As far as I know willows propagate by broken branches floating downstream and taking root.

Just remember their roots can infiltrate water mains, when you decide where to plant.You might want to start seedlings from branches in pots, so they're easy to water and protect until they take hold.

How to Start Willow Cuttings

I've seen a willow branch cut off and pushed deep into the mud - it works! Water thoroughly!

It's mostly done in spring when the willows are pollarded, but you could try it now too.

If you have a free source of willow branches, you could try now and again in early Spring. If you do it now, I would cut off about the top 1/3 to remove leaves and weak growth, which will wilt and die.

Willows also root in water. just cut branches and put them in a bucket with the bottom 1/3 in water and leave them out of the sun, They should grow sone roots during the next month or two. Then plant them in the soil. If you leave them too long, the roots will be tangle sped together and break off.

Just ask a neighbor with willows if you may cut a few little branches off. Many trees even shed small living branches naturally, such as during a storm.

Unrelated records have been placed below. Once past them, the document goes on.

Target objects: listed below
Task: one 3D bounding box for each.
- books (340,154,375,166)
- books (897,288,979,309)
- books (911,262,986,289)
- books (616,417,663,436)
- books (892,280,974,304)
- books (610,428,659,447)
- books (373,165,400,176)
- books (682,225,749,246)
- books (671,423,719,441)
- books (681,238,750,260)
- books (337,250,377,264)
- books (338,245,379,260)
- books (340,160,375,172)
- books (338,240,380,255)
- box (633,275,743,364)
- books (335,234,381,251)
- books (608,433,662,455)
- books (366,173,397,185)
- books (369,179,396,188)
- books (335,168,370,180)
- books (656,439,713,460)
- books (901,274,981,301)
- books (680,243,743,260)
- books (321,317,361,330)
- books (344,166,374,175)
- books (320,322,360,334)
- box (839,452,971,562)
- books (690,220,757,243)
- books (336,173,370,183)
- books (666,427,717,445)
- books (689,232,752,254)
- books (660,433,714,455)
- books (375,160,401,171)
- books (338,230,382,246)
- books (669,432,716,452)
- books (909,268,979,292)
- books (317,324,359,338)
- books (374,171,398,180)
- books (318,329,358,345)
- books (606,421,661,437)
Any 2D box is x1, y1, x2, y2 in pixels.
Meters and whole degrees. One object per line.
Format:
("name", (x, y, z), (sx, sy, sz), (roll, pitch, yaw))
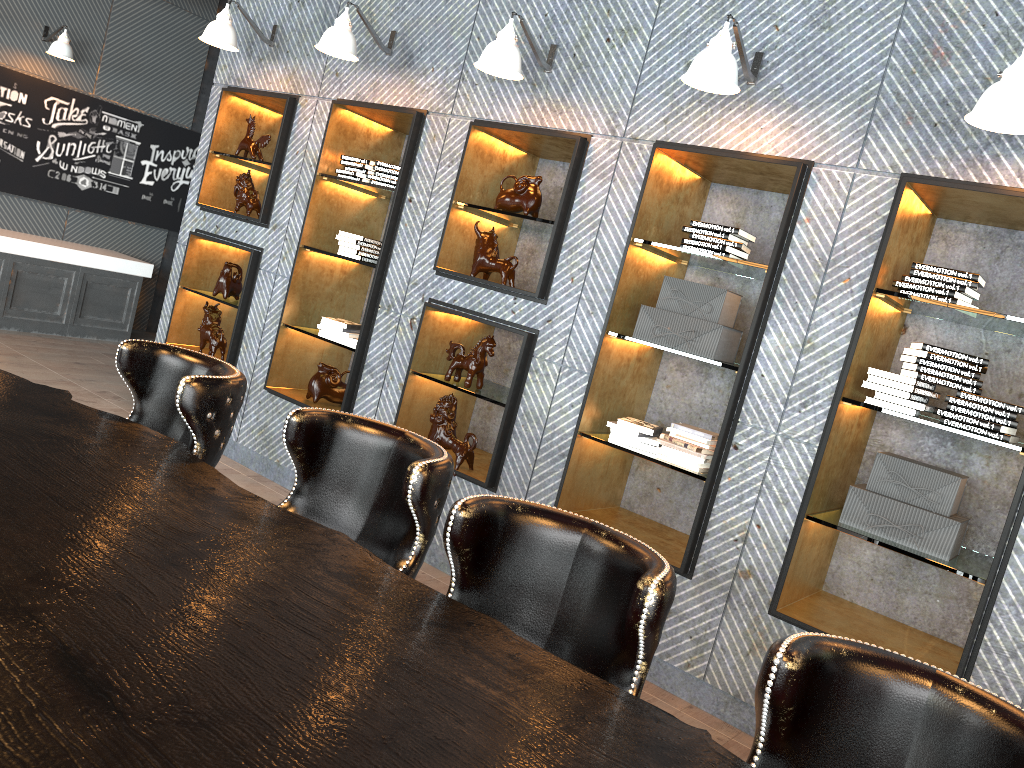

We planted a hedge of willow at the edge of our property. To do that, we pruned a willow tree, taking off branches about 2 to 3 feet long, as thick as a pencil to finger thick. We pushed them into the soft ground in late winter / early spring. We did not strip off the bark. I think every branch grew. The first year, growth was about one foot. The second year they grew about 2 feet. Our area is wet during Spring, so we did not water them. Deer do eat willow so that was an issue. Our summers are dry, and that probably limited them but did not kill them.
This is the easiest thing I've ever started. Even without stripping the bark. I've started, roughly, twenty this way. I've never had one to fail. The reson may be that I've usually started them in low ground that tends to hold water longer than the rest of the yard. The ones I started on higher ground I put in during the rain season. The first one's looked dead going into spring but I just left them alone and they came out of it.
Could be our climate but I've started lots of things by just pushing a small branch into the ground and leaving it a couple years. Weird,huh?
Sounds perfect. But do be careful that they are not near the septic lines. They can cause some serious problems.
If you know anyone who has willow they will probably be happy to give you a few starter limbs. I would try starting other things the same way. I've had wisteria, wigelia, forsythia and other things start from bare limbs. Without the rooting hormone that most call for.